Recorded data
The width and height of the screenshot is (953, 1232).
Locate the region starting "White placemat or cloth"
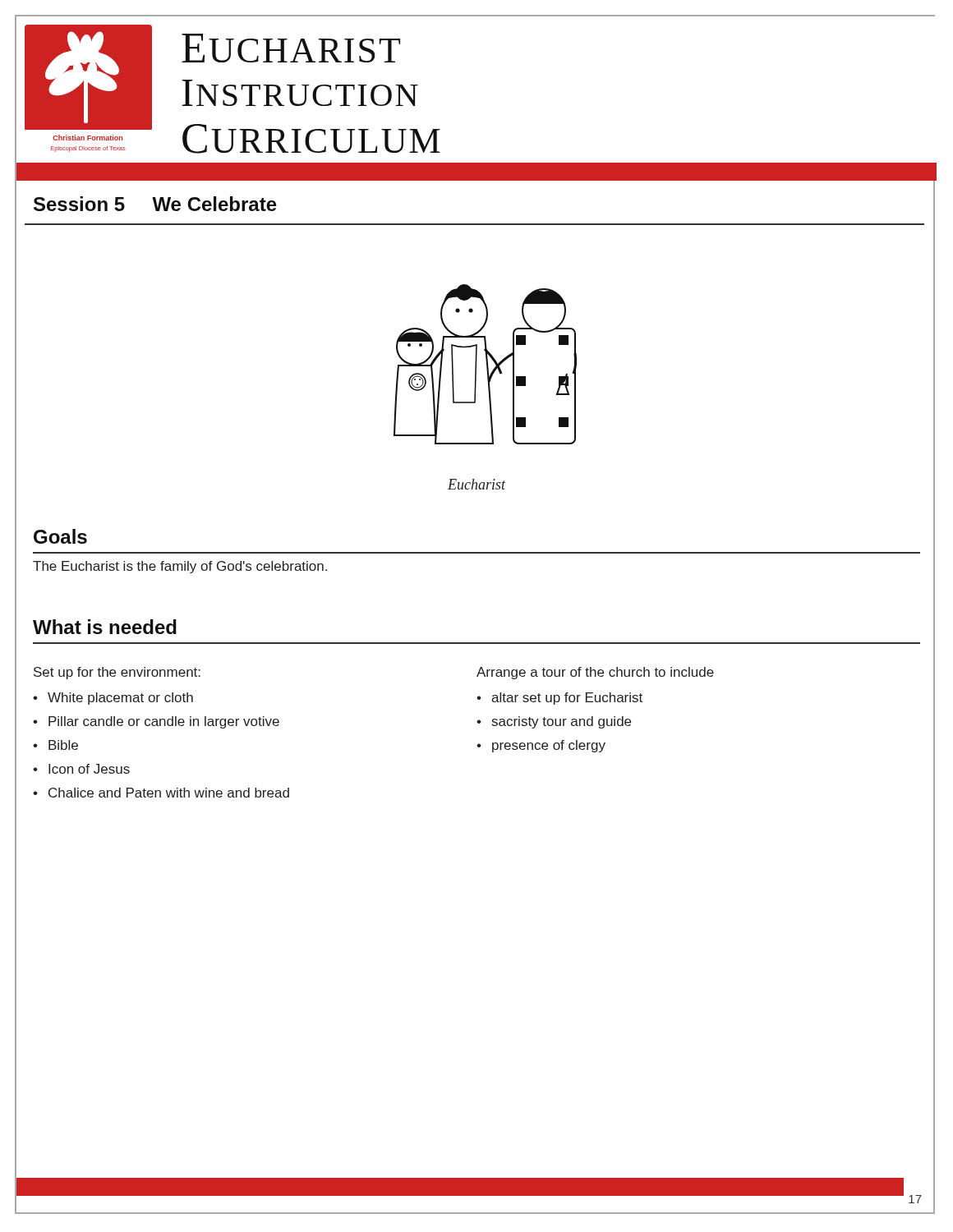tap(121, 698)
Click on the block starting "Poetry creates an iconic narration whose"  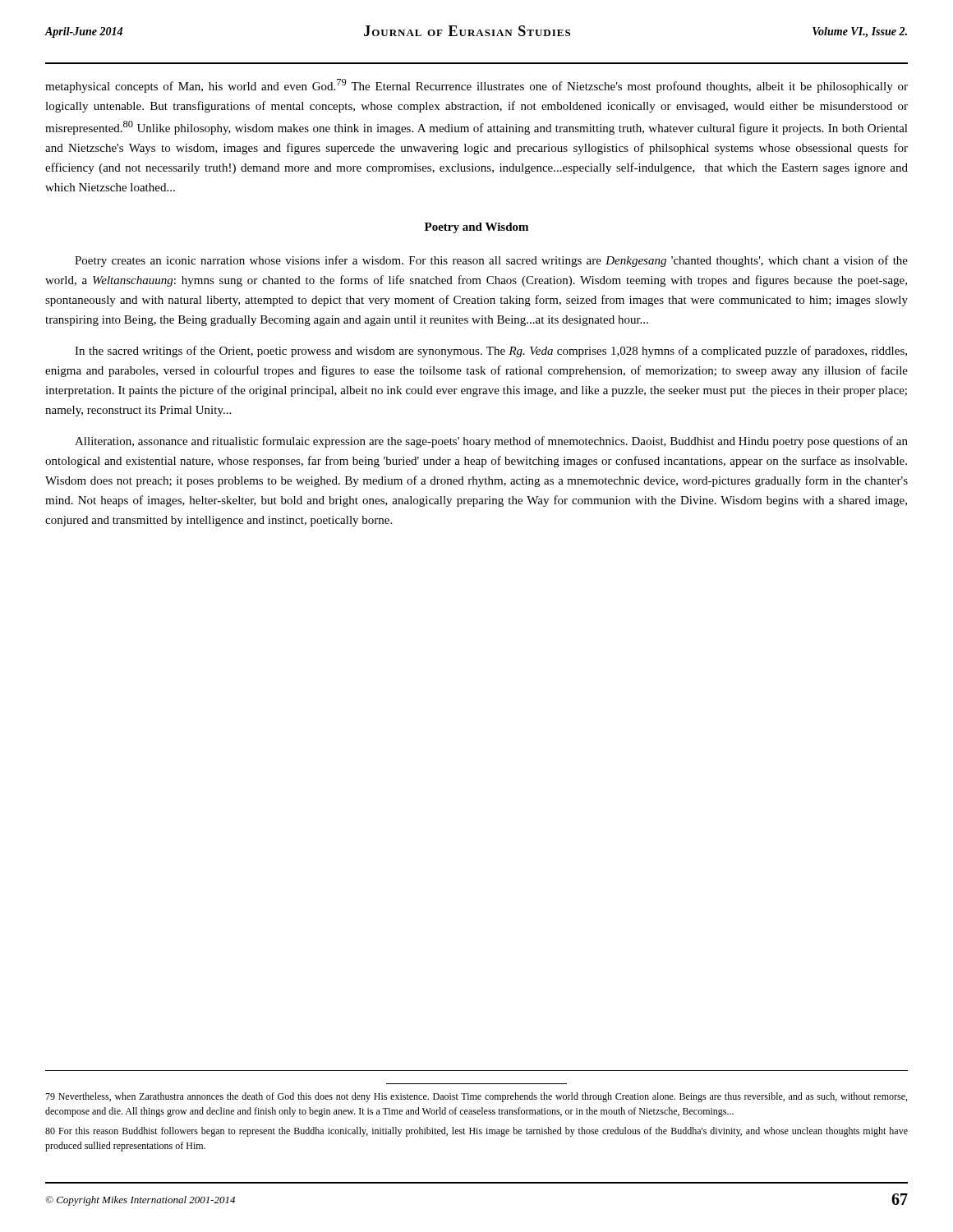[476, 290]
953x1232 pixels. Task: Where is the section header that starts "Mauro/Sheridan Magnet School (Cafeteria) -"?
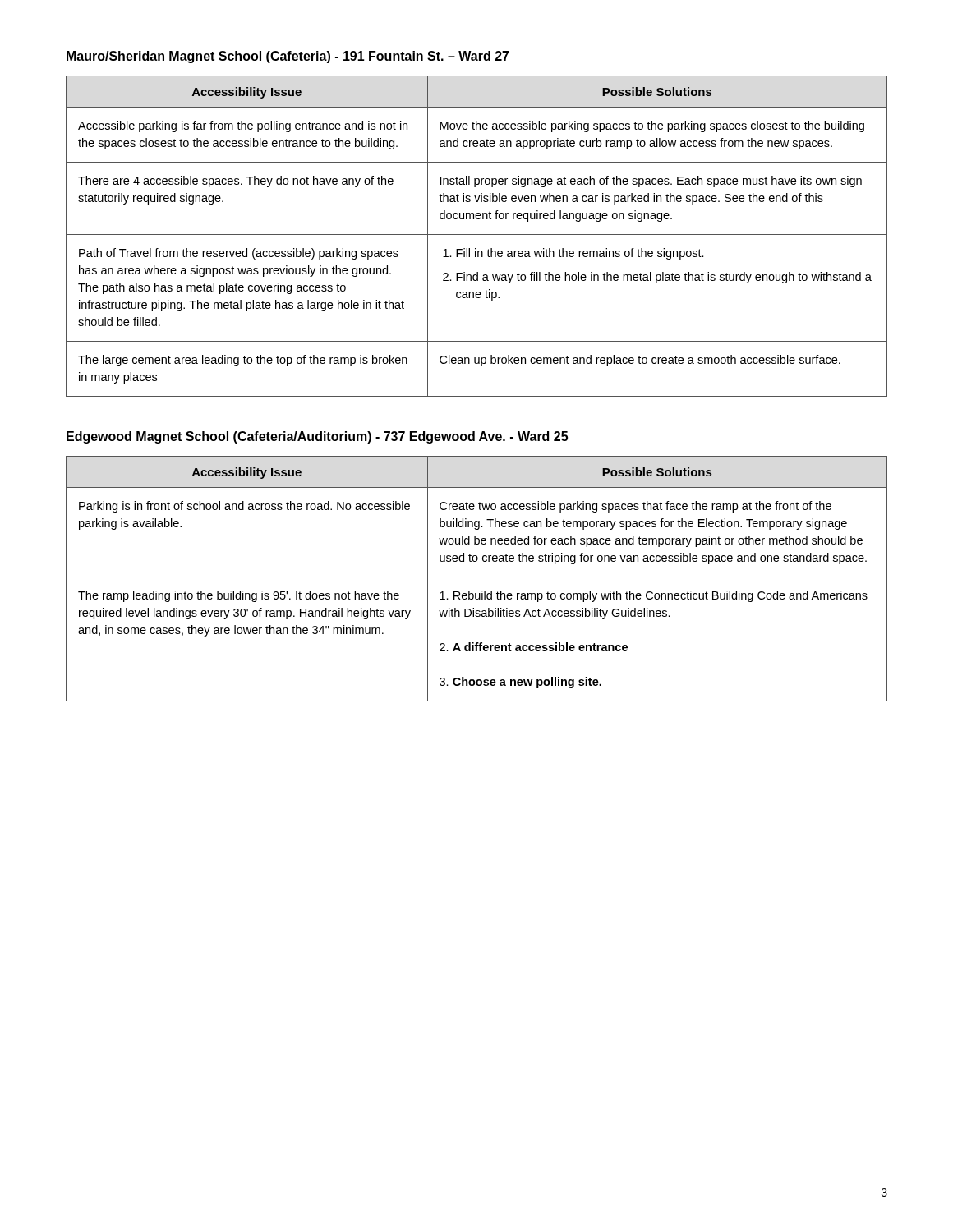tap(288, 56)

WHAT YOU WILL DO – From the line containing "953x1232 pixels. Task: Where" through the last line of the records, both included, output those lines exactly and nothing else; skip the pictures.

ANSWER BOX –
953x1232 pixels. Task: Where is the section header that starts "Mauro/Sheridan Magnet School (Cafeteria) -"?
tap(288, 56)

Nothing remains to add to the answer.